The following interested parties can bring lawsuits related to the redundancy process:
- Impacted employees: If the employer is not willing to adapt or restart the process when no collective sign-off was given, then the impacted employee may challenge the information and consultation process and will have to formally object with the employer through a registered letter within 30 days after his or her termination.
The employer will either restart the process (in which case any notice periods which are already running will be suspended) or not; in the latter case, the impacted employee will have to go to the court to challenge the compliance of the process (statute of limitation being the normal period of one year after the end of the employment contract).
- Works council/union/other employees’ representatives: Similarly, the court may grant an injunction order to start or restart the process, due to any collective protest (within 30 days after sending the second notification to the Labor authorities and the employees’ representatives) by the employee representatives for failure to comply with the information and consultation process.
Potential claims can be avoided by entering into a social plan with the works council/unions and get a collective sign-off that the information and consultation process was properly followed. Under such circumstances, the impacted employees (individually) can no longer legally challenge the noncompliance by the employer of this process in case of a collective dismissal. This may still not stop the impacted employees to claim additional (moral and/or material) remedies.
In general, any dismissal can lead to a potential litigation in court, for instance, in respect of the categories of employees who are specially protected against dismissal.
Litigation can stop or slow down the collective redundancy process notably in case of injunction of the court to restart the process.
Damages and other remedies
The potential remedies include court injunctions, damages and criminal sanctions.

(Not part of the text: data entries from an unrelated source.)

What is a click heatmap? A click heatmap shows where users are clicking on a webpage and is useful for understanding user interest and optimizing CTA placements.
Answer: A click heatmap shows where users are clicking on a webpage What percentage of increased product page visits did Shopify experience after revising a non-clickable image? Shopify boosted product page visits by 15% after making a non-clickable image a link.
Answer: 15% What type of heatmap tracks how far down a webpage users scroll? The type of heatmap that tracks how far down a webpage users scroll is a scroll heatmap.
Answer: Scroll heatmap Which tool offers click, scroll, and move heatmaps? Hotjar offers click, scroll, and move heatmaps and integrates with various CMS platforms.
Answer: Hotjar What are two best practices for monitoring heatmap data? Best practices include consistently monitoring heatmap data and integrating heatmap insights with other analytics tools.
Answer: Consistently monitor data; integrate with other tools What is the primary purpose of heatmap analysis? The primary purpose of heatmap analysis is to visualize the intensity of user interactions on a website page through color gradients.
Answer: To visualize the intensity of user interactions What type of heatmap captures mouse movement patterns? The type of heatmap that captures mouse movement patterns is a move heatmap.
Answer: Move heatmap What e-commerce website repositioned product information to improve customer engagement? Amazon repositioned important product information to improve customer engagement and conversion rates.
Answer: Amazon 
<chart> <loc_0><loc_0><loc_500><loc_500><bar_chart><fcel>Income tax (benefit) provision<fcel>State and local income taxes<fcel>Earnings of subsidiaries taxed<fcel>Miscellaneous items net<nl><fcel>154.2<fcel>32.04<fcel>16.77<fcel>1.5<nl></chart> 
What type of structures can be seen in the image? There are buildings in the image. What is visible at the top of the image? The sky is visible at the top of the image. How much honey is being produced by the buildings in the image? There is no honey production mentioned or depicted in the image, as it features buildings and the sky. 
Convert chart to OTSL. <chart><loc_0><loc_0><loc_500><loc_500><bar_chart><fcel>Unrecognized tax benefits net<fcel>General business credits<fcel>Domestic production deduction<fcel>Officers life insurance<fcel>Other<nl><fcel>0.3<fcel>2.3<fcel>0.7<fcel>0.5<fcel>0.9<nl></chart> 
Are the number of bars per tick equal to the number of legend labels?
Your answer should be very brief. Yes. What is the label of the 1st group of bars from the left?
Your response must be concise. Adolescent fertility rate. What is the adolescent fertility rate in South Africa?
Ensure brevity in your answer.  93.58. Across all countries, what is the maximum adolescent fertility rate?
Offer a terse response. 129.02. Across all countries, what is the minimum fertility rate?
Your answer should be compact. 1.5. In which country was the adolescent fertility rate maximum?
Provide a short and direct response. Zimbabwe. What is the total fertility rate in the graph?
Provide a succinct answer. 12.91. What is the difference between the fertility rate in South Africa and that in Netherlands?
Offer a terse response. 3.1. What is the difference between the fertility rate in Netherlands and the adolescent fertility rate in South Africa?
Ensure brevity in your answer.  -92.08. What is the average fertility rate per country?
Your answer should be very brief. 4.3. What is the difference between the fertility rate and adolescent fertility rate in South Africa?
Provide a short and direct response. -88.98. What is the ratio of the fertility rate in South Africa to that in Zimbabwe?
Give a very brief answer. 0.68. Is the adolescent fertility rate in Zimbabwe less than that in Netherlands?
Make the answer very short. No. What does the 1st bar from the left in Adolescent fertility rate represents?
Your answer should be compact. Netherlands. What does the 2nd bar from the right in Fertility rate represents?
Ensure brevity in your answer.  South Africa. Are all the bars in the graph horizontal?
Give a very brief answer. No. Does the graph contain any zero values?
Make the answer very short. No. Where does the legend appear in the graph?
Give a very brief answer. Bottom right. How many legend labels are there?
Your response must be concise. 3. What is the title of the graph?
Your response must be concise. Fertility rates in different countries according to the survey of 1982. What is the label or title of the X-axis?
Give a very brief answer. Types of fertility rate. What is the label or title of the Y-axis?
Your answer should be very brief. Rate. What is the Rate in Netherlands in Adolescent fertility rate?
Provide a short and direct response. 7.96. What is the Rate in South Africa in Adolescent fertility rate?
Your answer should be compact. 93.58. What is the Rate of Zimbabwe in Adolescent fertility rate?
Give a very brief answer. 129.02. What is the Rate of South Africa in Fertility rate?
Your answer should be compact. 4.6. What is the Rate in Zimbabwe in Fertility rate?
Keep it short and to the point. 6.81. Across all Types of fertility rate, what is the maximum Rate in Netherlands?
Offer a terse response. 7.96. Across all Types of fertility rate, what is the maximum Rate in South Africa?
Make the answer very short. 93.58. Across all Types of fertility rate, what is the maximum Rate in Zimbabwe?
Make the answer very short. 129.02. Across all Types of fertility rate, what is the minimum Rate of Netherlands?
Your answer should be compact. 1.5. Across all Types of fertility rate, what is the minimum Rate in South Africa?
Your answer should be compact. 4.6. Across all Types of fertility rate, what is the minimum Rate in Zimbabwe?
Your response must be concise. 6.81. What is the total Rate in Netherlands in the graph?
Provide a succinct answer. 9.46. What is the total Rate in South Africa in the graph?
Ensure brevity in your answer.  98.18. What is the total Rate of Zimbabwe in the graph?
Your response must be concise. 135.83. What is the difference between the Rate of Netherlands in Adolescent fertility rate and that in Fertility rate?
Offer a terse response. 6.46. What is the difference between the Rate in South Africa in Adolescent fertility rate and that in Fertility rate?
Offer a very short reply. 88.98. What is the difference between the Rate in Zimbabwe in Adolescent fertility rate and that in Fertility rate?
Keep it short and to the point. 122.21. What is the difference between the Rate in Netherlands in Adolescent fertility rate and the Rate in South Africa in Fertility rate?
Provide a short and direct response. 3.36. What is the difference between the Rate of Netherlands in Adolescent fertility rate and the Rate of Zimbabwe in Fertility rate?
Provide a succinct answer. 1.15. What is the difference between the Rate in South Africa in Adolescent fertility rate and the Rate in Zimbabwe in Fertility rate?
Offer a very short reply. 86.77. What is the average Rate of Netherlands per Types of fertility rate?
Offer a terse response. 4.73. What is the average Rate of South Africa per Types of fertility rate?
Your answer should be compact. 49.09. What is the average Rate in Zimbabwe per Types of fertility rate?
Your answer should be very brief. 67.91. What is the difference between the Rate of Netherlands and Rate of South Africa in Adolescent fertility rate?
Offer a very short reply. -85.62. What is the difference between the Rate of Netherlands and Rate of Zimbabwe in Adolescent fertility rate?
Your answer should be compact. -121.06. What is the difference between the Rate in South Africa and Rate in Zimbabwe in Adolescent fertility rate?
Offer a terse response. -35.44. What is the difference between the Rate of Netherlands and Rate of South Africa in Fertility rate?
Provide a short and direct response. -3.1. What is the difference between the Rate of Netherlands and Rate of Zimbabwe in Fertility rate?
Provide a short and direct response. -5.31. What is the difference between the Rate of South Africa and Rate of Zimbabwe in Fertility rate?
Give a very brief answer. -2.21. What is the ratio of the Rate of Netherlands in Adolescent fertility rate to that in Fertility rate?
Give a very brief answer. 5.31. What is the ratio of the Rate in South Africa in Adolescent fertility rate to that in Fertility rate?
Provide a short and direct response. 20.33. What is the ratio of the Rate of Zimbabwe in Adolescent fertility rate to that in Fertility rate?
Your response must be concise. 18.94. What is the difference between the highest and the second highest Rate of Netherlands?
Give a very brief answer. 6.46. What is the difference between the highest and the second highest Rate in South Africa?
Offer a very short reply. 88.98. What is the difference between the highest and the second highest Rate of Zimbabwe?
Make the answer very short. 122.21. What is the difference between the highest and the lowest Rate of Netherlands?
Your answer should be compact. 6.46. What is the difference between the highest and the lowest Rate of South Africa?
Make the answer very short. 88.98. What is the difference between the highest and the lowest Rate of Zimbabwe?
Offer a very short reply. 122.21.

The legally imposed consequences or sanctions for improper information and consultation have almost never been applied in Belgium. However, the courts in Belgium may grant an additional (moral) indemnity in case of litigation in this regard.
An actual reintegration/reinstatement after dismissal cannot be imposed/forced upon the employer against its will; however, the employer may be required to pay additional financial indemnities to the impacted employees.
Criminal sanctions or an administrative fine may apply in some cases, notably in case of violation of the information and consultation obligations.
There are no other issues specific to Belgium.